§ **WHAT YOU NEED TO DO**
Produce an exact copy of all records below.
%%
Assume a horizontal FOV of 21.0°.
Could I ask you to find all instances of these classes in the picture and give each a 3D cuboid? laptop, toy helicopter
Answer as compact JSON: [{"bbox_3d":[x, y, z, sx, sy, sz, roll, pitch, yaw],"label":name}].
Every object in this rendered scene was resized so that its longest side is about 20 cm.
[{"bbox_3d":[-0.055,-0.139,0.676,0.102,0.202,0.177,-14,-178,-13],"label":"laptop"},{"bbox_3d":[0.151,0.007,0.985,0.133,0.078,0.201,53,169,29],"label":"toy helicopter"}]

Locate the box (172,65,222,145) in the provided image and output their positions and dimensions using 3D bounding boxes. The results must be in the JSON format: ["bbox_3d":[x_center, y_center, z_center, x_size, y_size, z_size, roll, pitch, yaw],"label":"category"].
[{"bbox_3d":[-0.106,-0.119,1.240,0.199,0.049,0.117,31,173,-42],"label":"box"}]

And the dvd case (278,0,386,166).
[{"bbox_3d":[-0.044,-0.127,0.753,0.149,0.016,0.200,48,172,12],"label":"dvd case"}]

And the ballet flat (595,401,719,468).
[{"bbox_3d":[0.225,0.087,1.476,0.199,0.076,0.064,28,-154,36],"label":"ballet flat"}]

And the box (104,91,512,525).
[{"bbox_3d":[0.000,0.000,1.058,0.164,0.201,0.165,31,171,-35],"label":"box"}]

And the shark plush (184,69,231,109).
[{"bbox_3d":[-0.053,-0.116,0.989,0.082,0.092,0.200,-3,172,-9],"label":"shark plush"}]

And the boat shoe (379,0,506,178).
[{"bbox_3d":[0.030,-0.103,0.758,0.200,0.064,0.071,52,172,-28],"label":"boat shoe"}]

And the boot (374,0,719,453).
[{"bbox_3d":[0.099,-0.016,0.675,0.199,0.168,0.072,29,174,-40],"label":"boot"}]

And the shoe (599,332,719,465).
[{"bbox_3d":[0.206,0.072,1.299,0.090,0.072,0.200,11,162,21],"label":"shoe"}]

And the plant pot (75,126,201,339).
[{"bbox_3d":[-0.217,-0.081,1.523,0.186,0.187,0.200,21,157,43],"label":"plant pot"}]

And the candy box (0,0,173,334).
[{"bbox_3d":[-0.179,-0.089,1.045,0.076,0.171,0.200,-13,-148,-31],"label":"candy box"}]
%%
§ **TASK SOLUTION**
Assume a horizontal FOV of 21.0°.
Could I ask you to find all instances of these classes in the picture and give each a 3D cuboid? laptop, toy helicopter
Answer as compact JSON: [{"bbox_3d":[x, y, z, sx, sy, sz, roll, pitch, yaw],"label":name}].
Every object in this rendered scene was resized so that its longest side is about 20 cm.
[{"bbox_3d":[-0.055,-0.139,0.676,0.102,0.202,0.177,-14,-178,-13],"label":"laptop"},{"bbox_3d":[0.151,0.007,0.985,0.133,0.078,0.201,53,169,29],"label":"toy helicopter"}]

Locate the box (172,65,222,145) in the provided image and output their positions and dimensions using 3D bounding boxes. The results must be in the JSON format: ["bbox_3d":[x_center, y_center, z_center, x_size, y_size, z_size, roll, pitch, yaw],"label":"category"].
[{"bbox_3d":[-0.106,-0.119,1.240,0.199,0.049,0.117,31,173,-42],"label":"box"}]

And the dvd case (278,0,386,166).
[{"bbox_3d":[-0.044,-0.127,0.753,0.149,0.016,0.200,48,172,12],"label":"dvd case"}]

And the ballet flat (595,401,719,468).
[{"bbox_3d":[0.225,0.087,1.476,0.199,0.076,0.064,28,-154,36],"label":"ballet flat"}]

And the box (104,91,512,525).
[{"bbox_3d":[0.000,0.000,1.058,0.164,0.201,0.165,31,171,-35],"label":"box"}]

And the shark plush (184,69,231,109).
[{"bbox_3d":[-0.053,-0.116,0.989,0.082,0.092,0.200,-3,172,-9],"label":"shark plush"}]

And the boat shoe (379,0,506,178).
[{"bbox_3d":[0.030,-0.103,0.758,0.200,0.064,0.071,52,172,-28],"label":"boat shoe"}]

And the boot (374,0,719,453).
[{"bbox_3d":[0.099,-0.016,0.675,0.199,0.168,0.072,29,174,-40],"label":"boot"}]

And the shoe (599,332,719,465).
[{"bbox_3d":[0.206,0.072,1.299,0.090,0.072,0.200,11,162,21],"label":"shoe"}]

And the plant pot (75,126,201,339).
[{"bbox_3d":[-0.217,-0.081,1.523,0.186,0.187,0.200,21,157,43],"label":"plant pot"}]

And the candy box (0,0,173,334).
[{"bbox_3d":[-0.179,-0.089,1.045,0.076,0.171,0.200,-13,-148,-31],"label":"candy box"}]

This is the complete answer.